START SOURCE MATERIAL

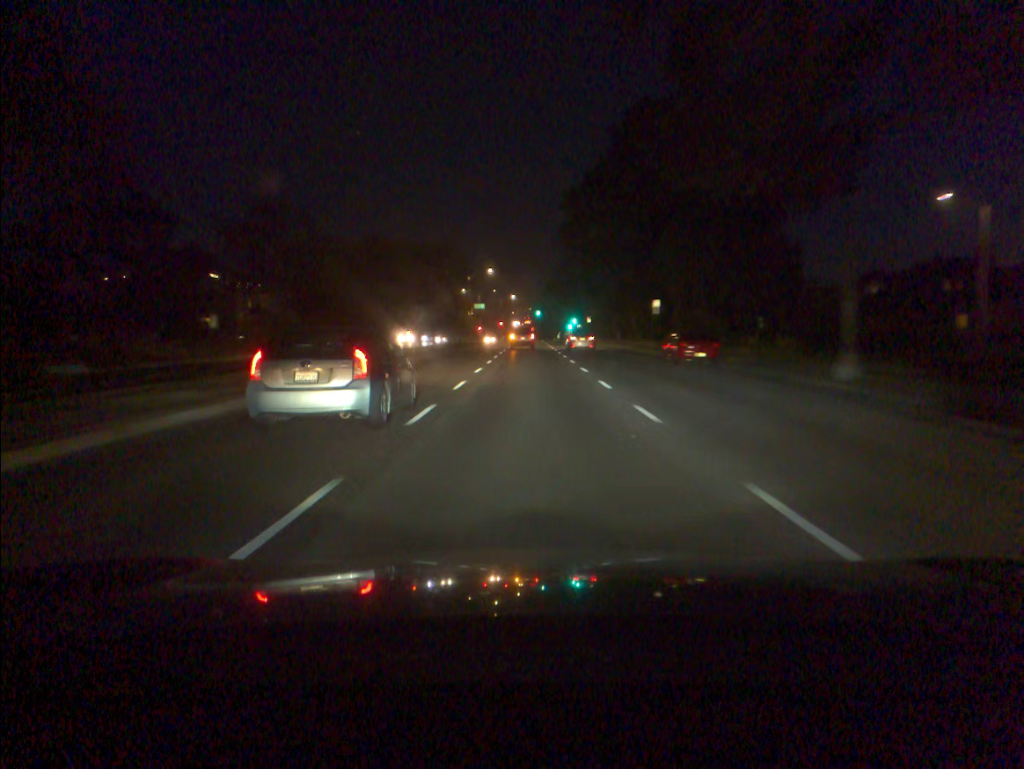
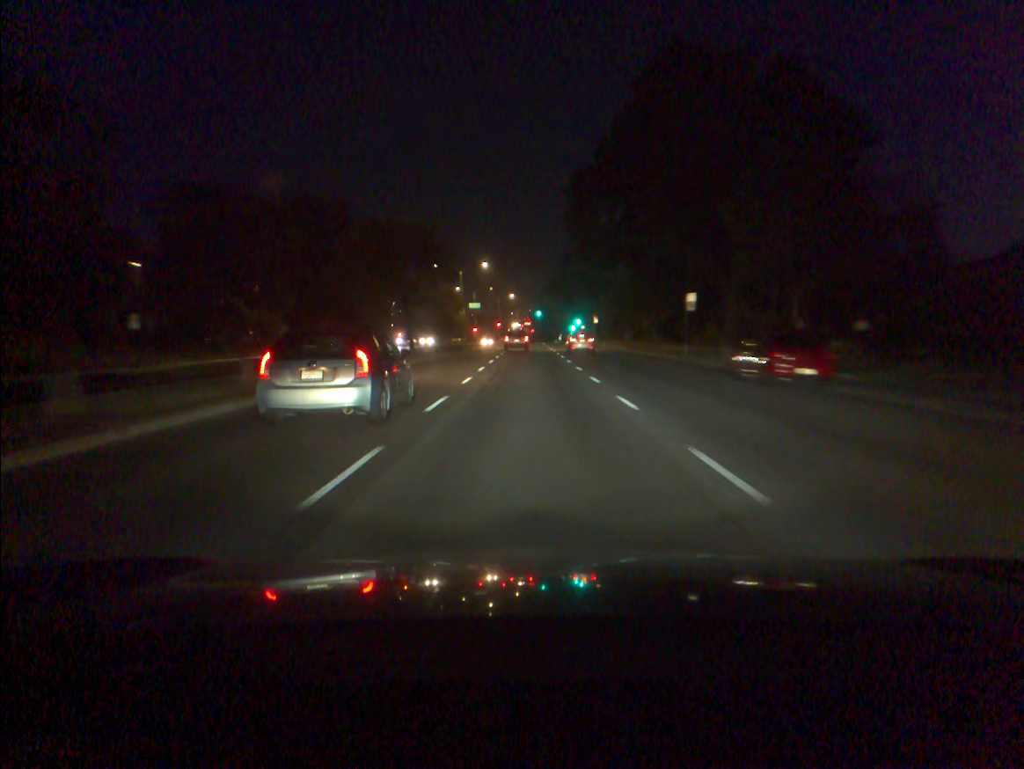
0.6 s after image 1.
(0.0, +12.1) m; 0°
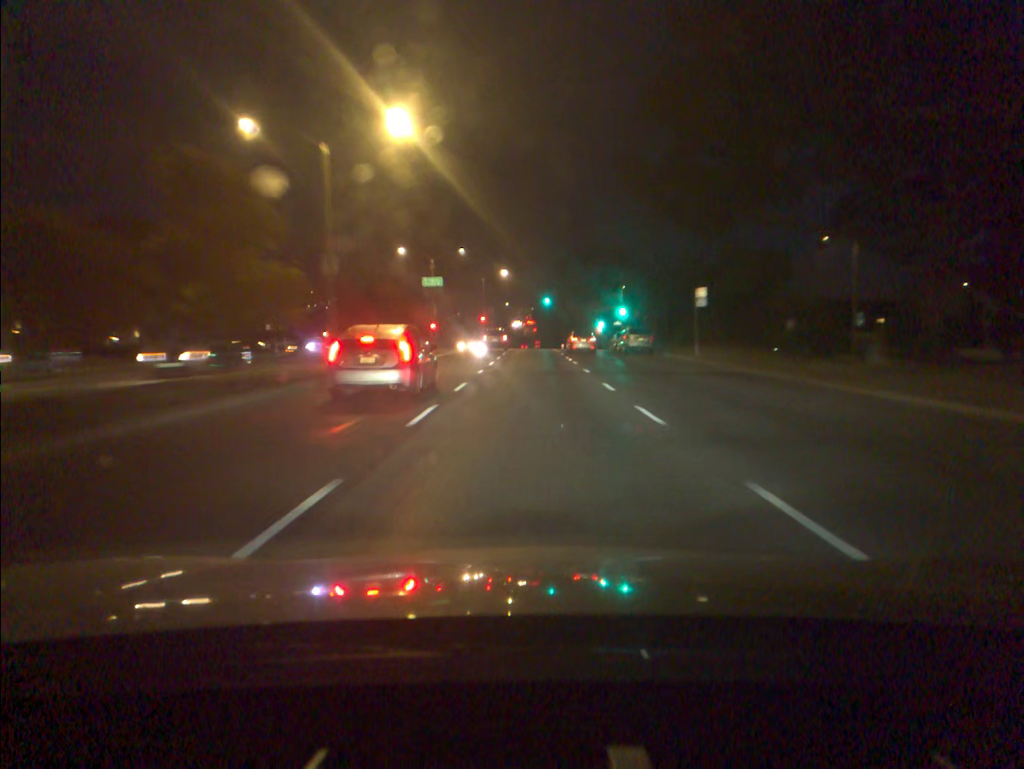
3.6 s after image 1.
(0.0, +60.9) m; 0°
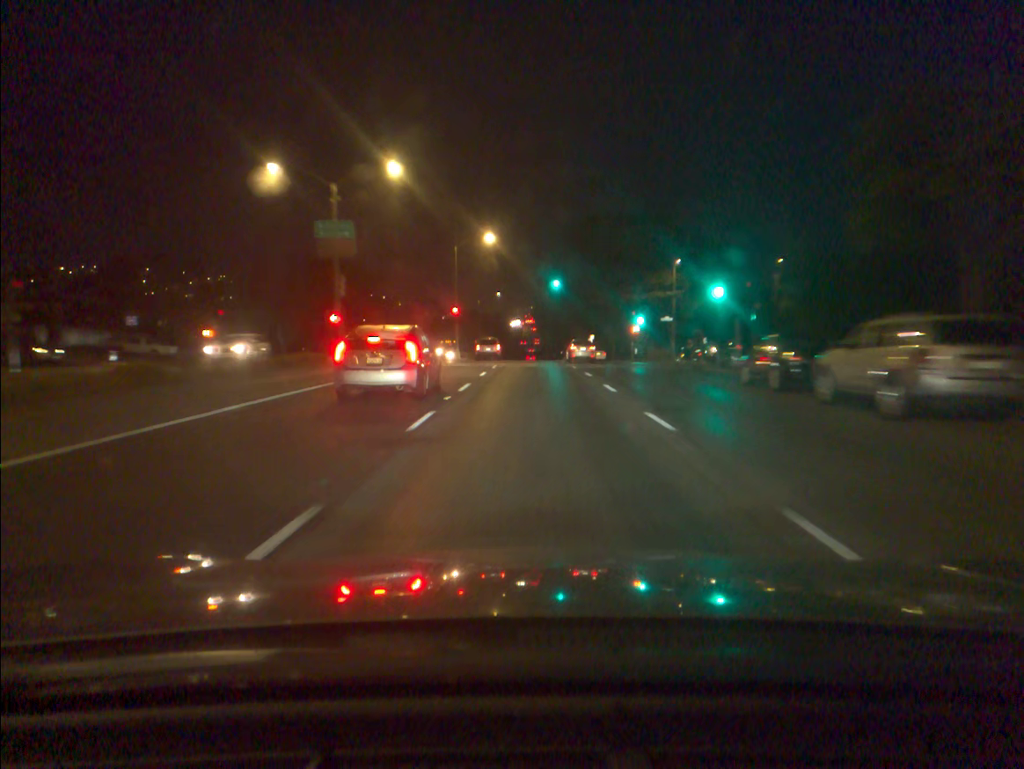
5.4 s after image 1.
(-0.1, +36.6) m; 0°
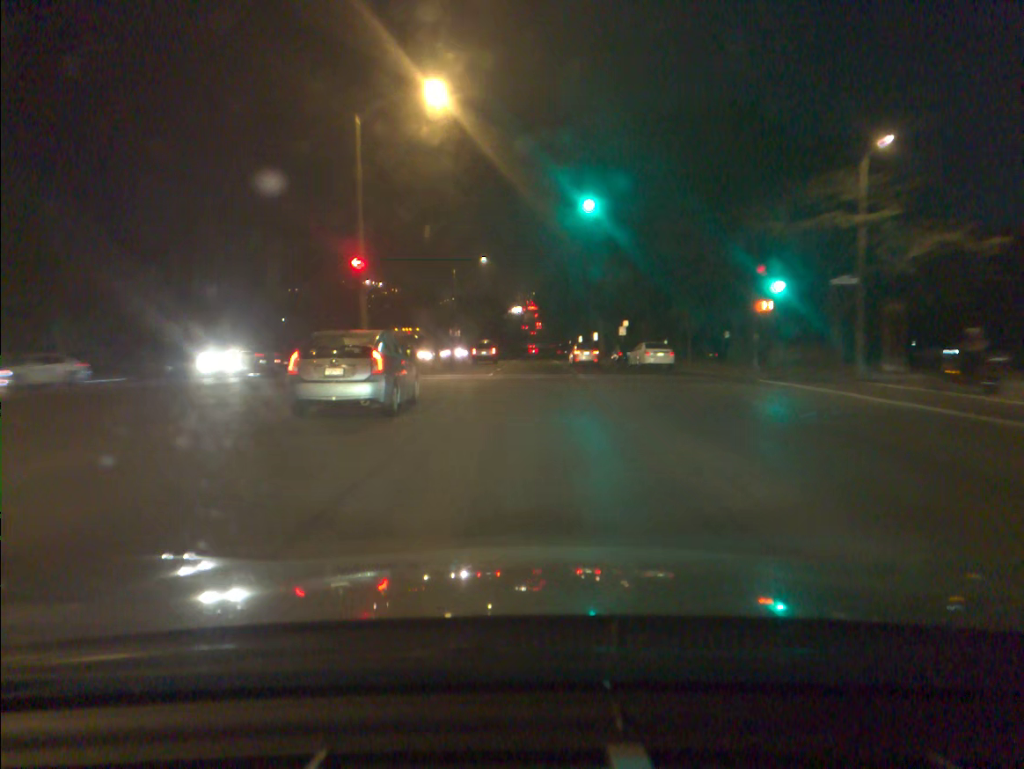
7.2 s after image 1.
(0.0, +36.5) m; 0°
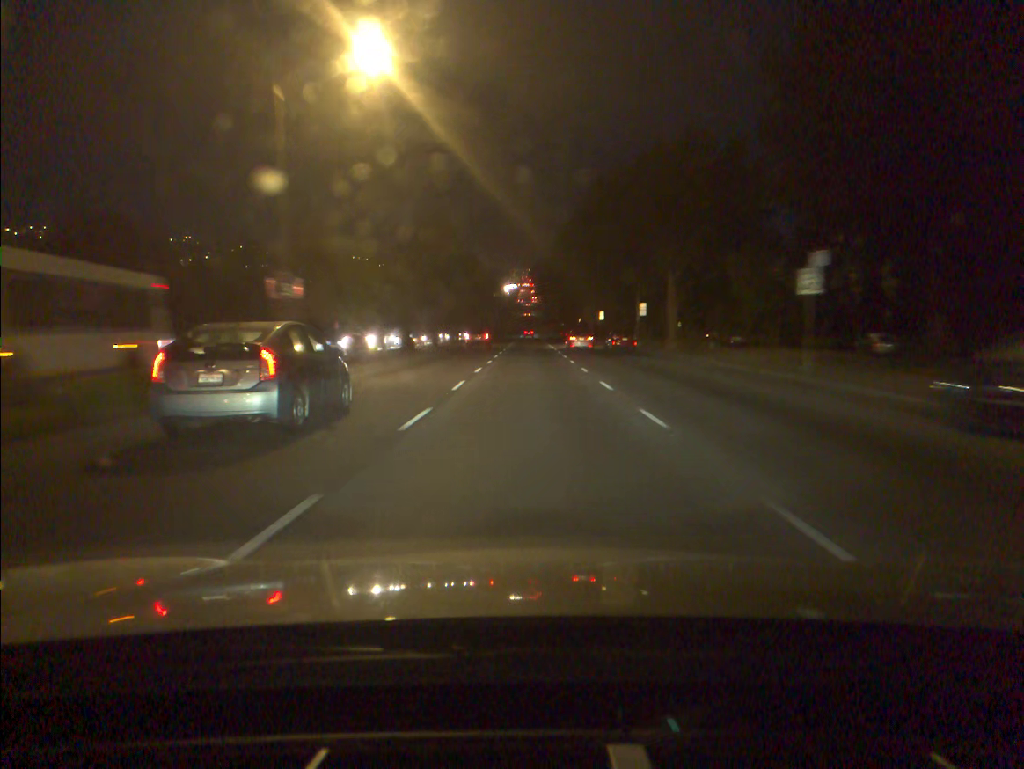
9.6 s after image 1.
(+0.1, +49.1) m; 0°
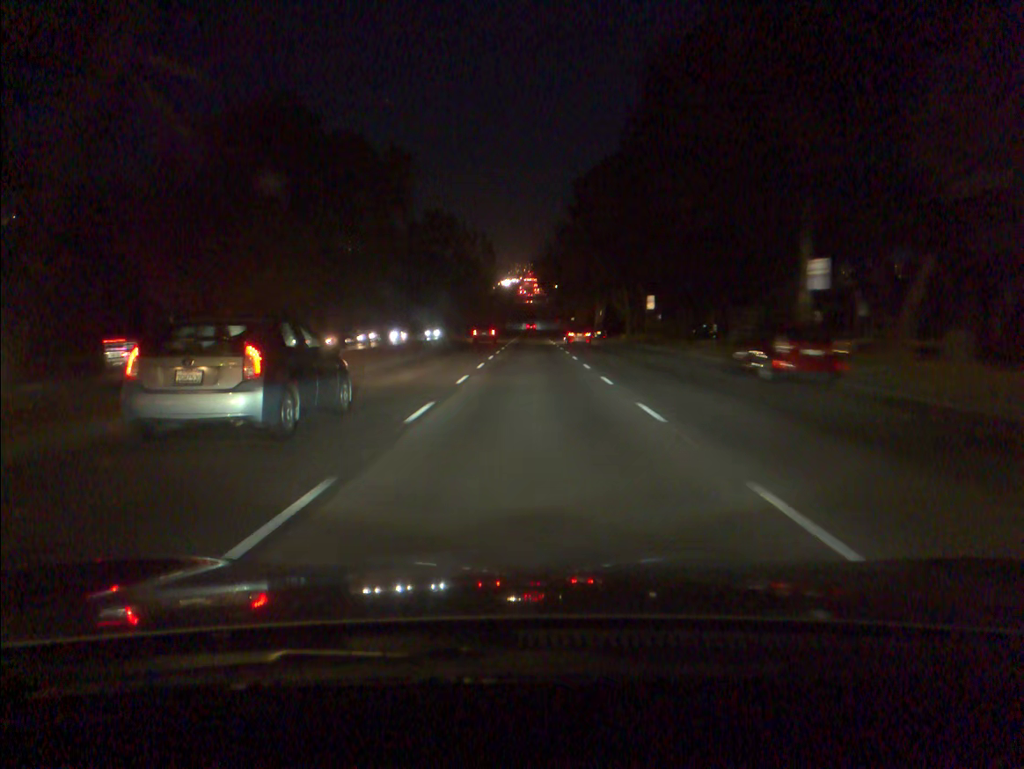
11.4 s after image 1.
(0.0, +36.5) m; 0°

END SOURCE MATERIAL

* _WHAT YOU ARE ASKED TO DO_:
Only the lines from the line with "3.6 s after image 1." through the end of the entries above, copied exactly and with both ends included, belong in the response; the pictures do not.

* _YOUR SOLUTION_:
3.6 s after image 1.
(0.0, +60.9) m; 0°
5.4 s after image 1.
(-0.1, +36.6) m; 0°
7.2 s after image 1.
(0.0, +36.5) m; 0°
9.6 s after image 1.
(+0.1, +49.1) m; 0°
11.4 s after image 1.
(0.0, +36.5) m; 0°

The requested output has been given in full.